Bernie and Hillary Fight for the Soul of the Democratic Party Over Health Care in Debate

Impact

Charleston, South Carolina — After weeks of withering attacks from the Hillary Clinton campaign on the issue — and just hours after releasing details of how he would fund his plan for a single-payer health care system — Sen. Bernie Sanders (I-Vt.) came under further criticism in the Democratic presidential debate here Sunday night, exposing a significant rift in the Democratic Party over the future of health care six years after the passage of President Barack Obama's landmark health care reform law.

"I certainly respect Sen. Sanders' intention" in proposing a Medicare-for-all system, Clinton said. "But when you're talking about health care, the details really matter, and therefore, we have been raising questions about the nine bills that he introduced over 20 years as to how they would work and what would be the impact on people's health care. He didn't like that. His campaign didn't like it either. And tonight, he's come out with a new health care plan."

Urging Democrats to focus on defending the Affordable Care Act, Clinton warned that Sanders' call for drastic reform of the health care system would reopen a "contentious debate" the party could ill-afford at a time when Republicans remain fiercely determined to scrap the health reform law.

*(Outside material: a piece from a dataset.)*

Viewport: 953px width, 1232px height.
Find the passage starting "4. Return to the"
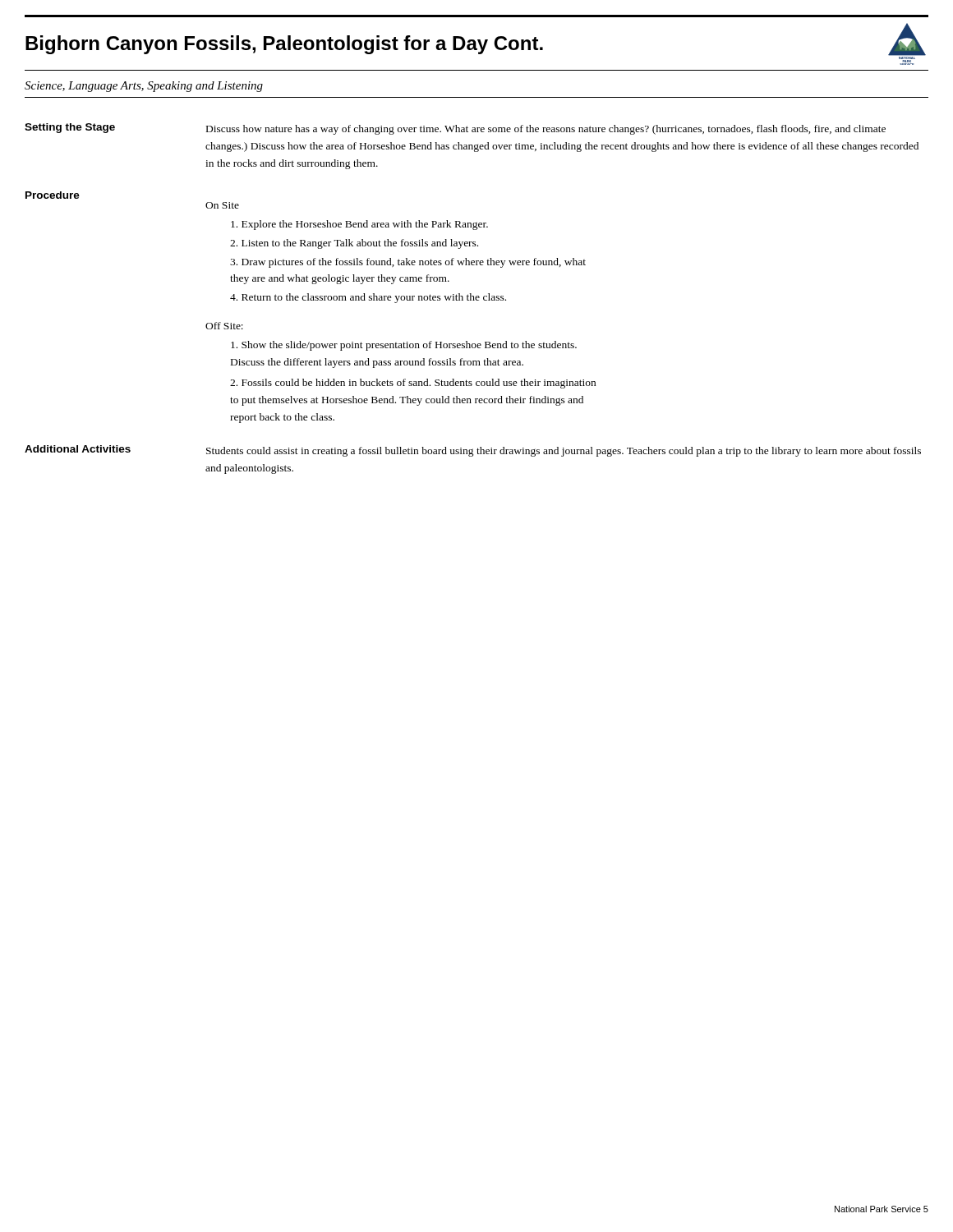point(369,297)

"I want us to defend and build on the Affordable Care Act and improve it," Clinton said, linking herself to a legacy-defining achievement of a president who remains overwhelmingly popular with the Democratic electorate.

But Sanders emphatically rejected Clinton's desire to work within the status quo.

"What a Medicare for All program does is finally provide in this country health care for every man, woman, and child, as a right," Sanders said, noting that the nation's uninsured population is somewhere in the neighborhood of 30 million people.

While seeking nothing less than a profound transformation in the American health care system, Sanders made the case that his vision for a single-payer system was in keeping with the Democratic Party's historic heritage.

"Now, the truth is, that Franklin Roosevelt, Harry Truman, do you know what they believed in? They believed that health care should be available to all of our people," he said.

Clinton fired back by noting that Obama's health reform law has brought insurance to 19 million more Americans, accusing Sanders of wanting to "tear it up and start over again."

"No one is tearing this up. We're going to go forward," Sanders responded, arguing that a single-payer system would bring the United States in line with other advanced countries.

Both candidates framed their stances as reformist positions that would build on Obama's health reform agenda. Yet as their exchange Sunday night revealed, they have profoundly different visions of just what reforms are possible.